◆ **Exercise instructions**: Below are some entries. Copy each line in them that holds "trigger".

Supplied information: Begin

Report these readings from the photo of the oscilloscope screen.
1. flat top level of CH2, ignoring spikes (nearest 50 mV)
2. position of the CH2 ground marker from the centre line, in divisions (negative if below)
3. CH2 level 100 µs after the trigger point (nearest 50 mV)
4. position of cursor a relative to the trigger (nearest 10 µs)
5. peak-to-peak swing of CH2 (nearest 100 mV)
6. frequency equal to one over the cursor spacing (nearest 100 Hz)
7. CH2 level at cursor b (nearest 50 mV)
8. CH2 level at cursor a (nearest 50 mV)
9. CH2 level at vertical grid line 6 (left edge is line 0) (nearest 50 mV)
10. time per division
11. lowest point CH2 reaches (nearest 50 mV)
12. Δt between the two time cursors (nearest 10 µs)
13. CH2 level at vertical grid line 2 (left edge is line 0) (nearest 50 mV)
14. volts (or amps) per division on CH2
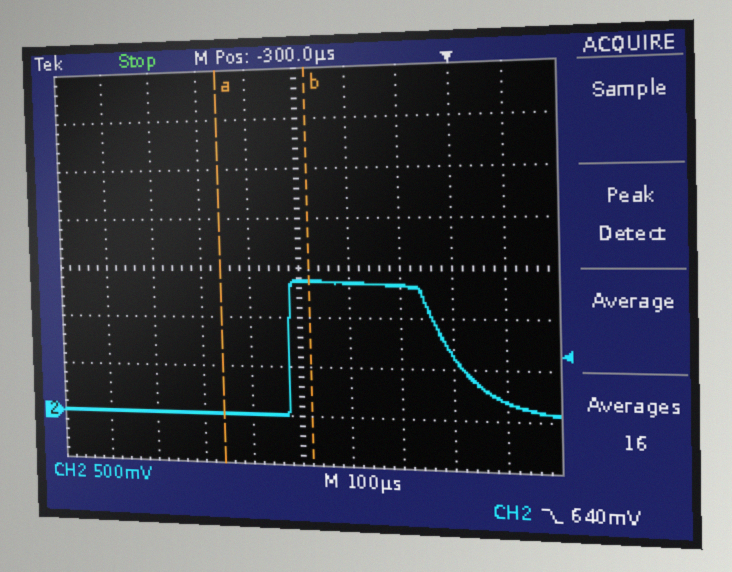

Supplied information: End

◆ **Exercise response**:
3. CH2 level 100 µs after the trigger point (nearest 50 mV)
4. position of cursor a relative to the trigger (nearest 10 µs)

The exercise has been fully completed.